Teatro Solís em Montevidéu

E olha, mais importante do que o valor exato é a estrutura: cartão pro grosso, reais pra trocar lá, peso pequeno pra começar. Quem segue essa lógica gasta menos e vive menos perrengue.

Onde ficamos em Montevidéu (e 3 hotéis bons e baratos!)

Isso fez toda a diferença em nossas viagens! Em Montevidéu, duas regiões se destacam para os turistas. Uma delas é a Ciudad Vieja, ideal para quem quer ficar próximo a parte histórica da cidade. Repleta de museus, praças e o famoso Mercado del Puerto, é uma área animada e cheia de cultura. Outra opção é o bairro de Pocitos, conhecido por sua bela rambla à beira-mar, com muitos restaurantes e bares.

Se quiser, é só clicar aqui em mapa, que abrirá esse mapa personalizado que a gente criou, com a melhor região. Quando abrir, feche o mapa, coloque a data da sua viagem, clique em pesquisar e depois em ‘mostrar mapa’ de novo pra ver os hotéis com os preços já naquela região.

Estratégia pra economizar bem com o hotel: a antecedência é o que faz você pagar mais barato, sempre. Nesse site do mapa e nos hotéis abaixo, a maioria tem cancelamento gratuito. Reserve o quanto antes pra garantir um preço bem menor — se precisar cancelar, não paga nada.

HOTEL BEM BARATO: O mais barato que a gente achou e foi ótimo. Faz tudo a pé.

HOTEL MUITO BOM: Um pouco melhor e na mesma região central. Amamos.

HOTEL TOP: Nosso favorito: localização excelente, conforto e charme.

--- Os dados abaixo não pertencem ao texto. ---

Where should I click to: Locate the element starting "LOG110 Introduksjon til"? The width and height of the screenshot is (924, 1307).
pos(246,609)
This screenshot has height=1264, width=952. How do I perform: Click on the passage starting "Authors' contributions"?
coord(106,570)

Perguntas frequentes sobre dinheiro em Montevidéu

Vale mais a pena levar real, dólar ou peso uruguaio?

Leve a maior parte em cartão internacional e o restante em reais em espécie pra trocar nas casas de câmbio de Montevidéu. Comprar peso no Brasil rende câmbio bem pior, e dólar só compensa se você já tiver. Casas de câmbio brasileiras costumam ter perda de até 17% comparadas às do centro de Montevidéu.

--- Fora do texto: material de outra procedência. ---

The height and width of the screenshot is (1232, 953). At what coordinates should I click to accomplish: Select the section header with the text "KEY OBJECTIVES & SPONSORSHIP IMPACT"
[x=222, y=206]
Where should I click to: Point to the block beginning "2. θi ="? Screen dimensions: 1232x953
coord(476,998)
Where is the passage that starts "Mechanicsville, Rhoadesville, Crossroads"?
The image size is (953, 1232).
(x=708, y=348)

Posso usar cartão de crédito brasileiro em Montevidéu?

Sim, e a aceitação é altíssima — restaurantes, hotéis, lojas, mercados, atrações. E tem uma vantagem extra: o Uruguai devolve cerca de 18% do IVA em compras pagas com cartão internacional em restaurantes e alguns serviços. Por isso, cartão acaba sendo frequentemente mais barato que dinheiro pra refeições e serviços turísticos.

Quanto trocar em pesos uruguaios na chegada?

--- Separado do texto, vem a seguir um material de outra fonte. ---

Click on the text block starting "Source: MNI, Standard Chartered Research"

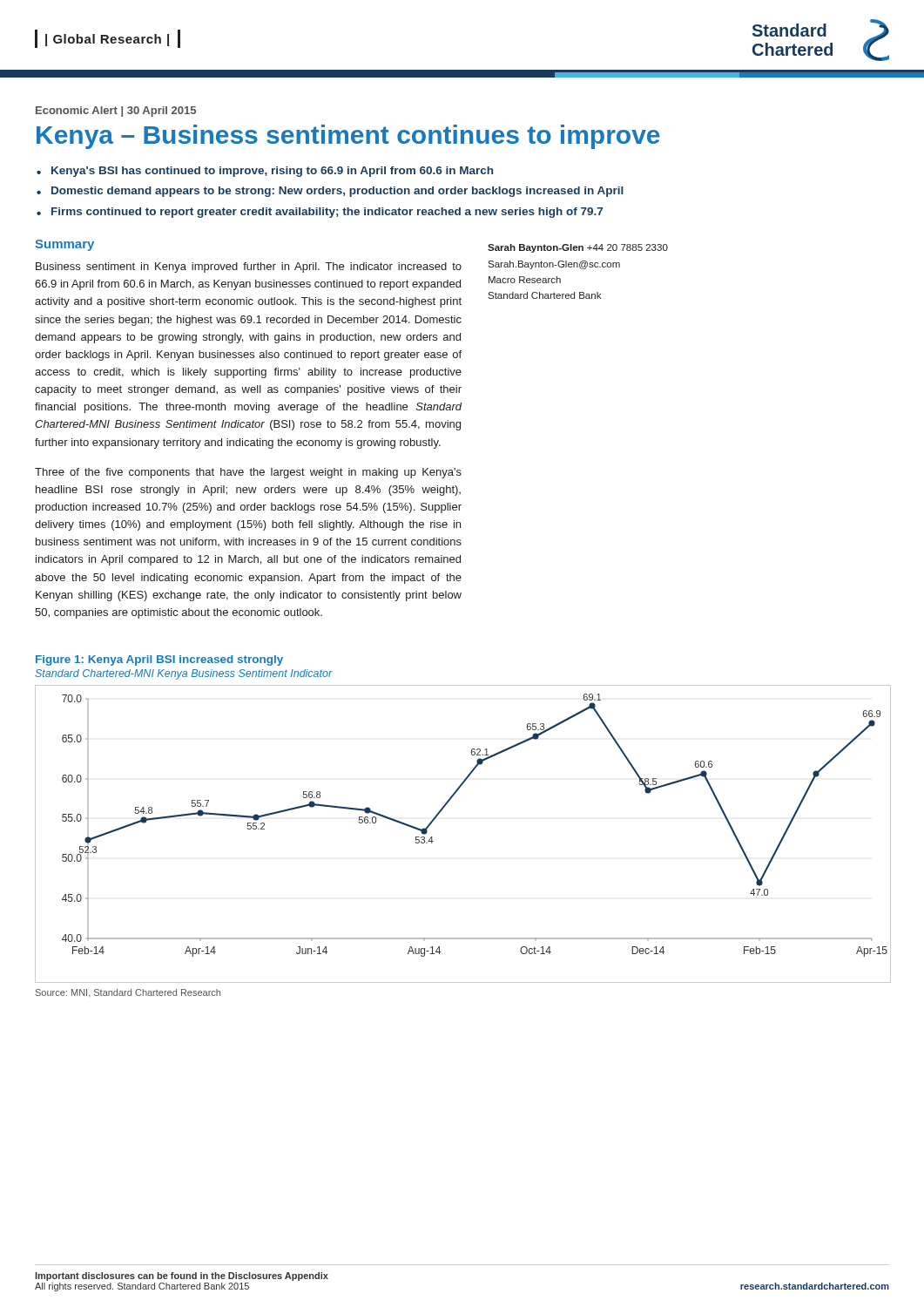point(128,992)

Comece com uns UYU 3.000 (algo em torno de R$ 400 a R$ 500) pros primeiros dias. Esse valor cobre transporte, lanches, gorjetas e pequenos gastos enquanto você se familiariza com a cidade e identifica as casas de câmbio com melhor cotação.

Onde trocar dinheiro com melhor câmbio em Montevidéu?

As casas de câmbio do centro, especialmente na Av. 18 de Julio e na Cidade Velha, costumam ter as melhores cotações. Evite trocar no aeroporto — a cotação ali é bem pior. Compare duas ou três casas antes de fechar a operação.

Quanto custa em média um dia em Montevidéu por pessoa?

Para uma viagem econômica, conte com R$ 200 a R$ 300 por dia por pessoa (sem hotel e passagem). Pra uma viagem confortável, calcule R$ 370 a R$ 600 por dia. Sofisticado, com vinícolas e restaurantes de carta, pode passar de R$ 800 diários.

É melhor pagar com cartão de crédito ou débito?

Cartão de crédito internacional costuma ser a melhor opção, porque a maioria dos bancos brasileiros entrega a devolução do IVA do Uruguai. Confirme com seu banco se o programa de devolução está ativo no seu cartão. O débito também funciona, mas é menos comum aproveitar o benefício total.

Preciso declarar dinheiro entrando no Uruguai?

Pra fins de controle, viajantes podem entrar com até cerca de 10.000 dólares (ou equivalente em outras moedas) sem precisar declarar formalmente. Como a recomendação é levar pouco em espécie, dificilmente isso será uma preocupação.

Posso usar carteira digital ou Pix em Montevidéu?

Pix brasileiro não funciona no Uruguai. Carteiras digitais (Apple Pay, Google Pay) cadastradas com cartão internacional funcionam normalmente em estabelecimentos com maquininha por aproximação. Mas é sempre bom ter cartão físico de reserva, caso a maquininha não aceite por aproximação.

Economize ao máximo na sua viagem ao Uruguai

No fim, planejar quanto levar de dinheiro pra Montevidéu não é só uma questão de soma — é entender que cada moeda tem o seu lugar na carteira. Cartão pro grosso, reais pra trocar lá, peso pra feira e gorjeta. Quem segue essa lógica simples chega, aproveita e volta sem perrengue financeiro. Boa viagem!